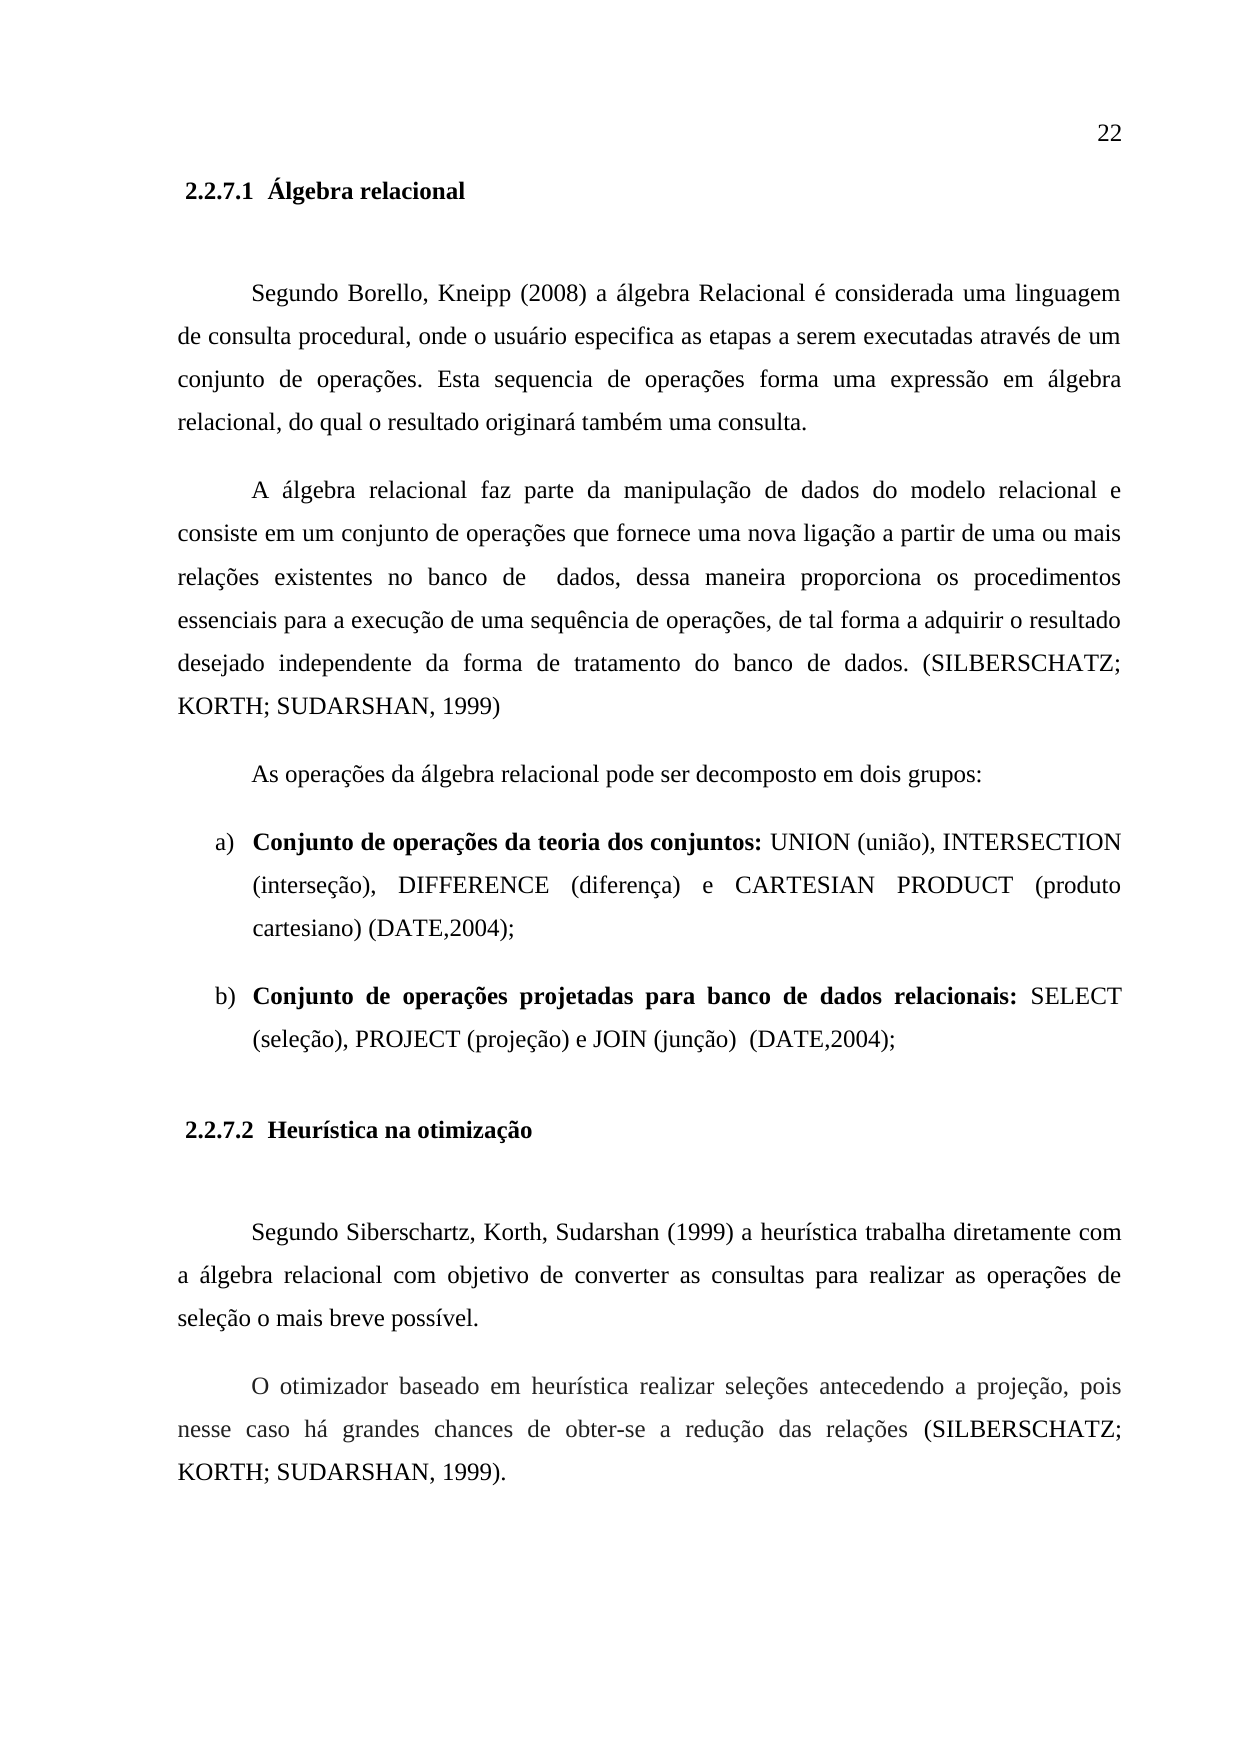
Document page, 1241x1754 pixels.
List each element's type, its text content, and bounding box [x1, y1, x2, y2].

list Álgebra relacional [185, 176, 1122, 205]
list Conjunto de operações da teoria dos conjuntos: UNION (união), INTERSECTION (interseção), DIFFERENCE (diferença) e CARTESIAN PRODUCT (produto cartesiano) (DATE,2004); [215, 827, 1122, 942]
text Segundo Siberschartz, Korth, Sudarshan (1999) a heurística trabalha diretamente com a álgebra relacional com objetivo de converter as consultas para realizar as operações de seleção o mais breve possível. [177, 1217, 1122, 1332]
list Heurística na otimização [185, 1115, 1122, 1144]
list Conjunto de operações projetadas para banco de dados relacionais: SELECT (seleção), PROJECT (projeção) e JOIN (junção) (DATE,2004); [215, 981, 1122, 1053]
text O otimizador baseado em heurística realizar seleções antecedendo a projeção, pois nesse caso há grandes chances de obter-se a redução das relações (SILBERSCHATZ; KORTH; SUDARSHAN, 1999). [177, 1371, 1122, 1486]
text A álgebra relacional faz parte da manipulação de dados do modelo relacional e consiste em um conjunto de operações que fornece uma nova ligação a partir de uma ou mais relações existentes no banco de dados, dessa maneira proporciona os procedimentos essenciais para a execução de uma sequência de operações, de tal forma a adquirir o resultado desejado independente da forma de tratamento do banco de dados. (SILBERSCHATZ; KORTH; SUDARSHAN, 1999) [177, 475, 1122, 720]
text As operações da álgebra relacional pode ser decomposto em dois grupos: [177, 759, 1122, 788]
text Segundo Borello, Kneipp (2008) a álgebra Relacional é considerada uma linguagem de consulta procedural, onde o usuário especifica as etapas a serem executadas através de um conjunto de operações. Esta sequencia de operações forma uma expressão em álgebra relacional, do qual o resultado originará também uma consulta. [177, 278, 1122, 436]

---

■ **Exercise**:
Please find each line in the records above that holds the word "mais", and copy it.

■ **Task output**:
text Segundo Siberschartz, Korth, Sudarshan (1999) a heurística trabalha diretamente com a álgebra relacional com objetivo de converter as consultas para realizar as operações de seleção o mais breve possível. [177, 1217, 1122, 1332]
text A álgebra relacional faz parte da manipulação de dados do modelo relacional e consiste em um conjunto de operações que fornece uma nova ligação a partir de uma ou mais relações existentes no banco de dados, dessa maneira proporciona os procedimentos essenciais para a execução de uma sequência de operações, de tal forma a adquirir o resultado desejado independente da forma de tratamento do banco de dados. (SILBERSCHATZ; KORTH; SUDARSHAN, 1999) [177, 475, 1122, 720]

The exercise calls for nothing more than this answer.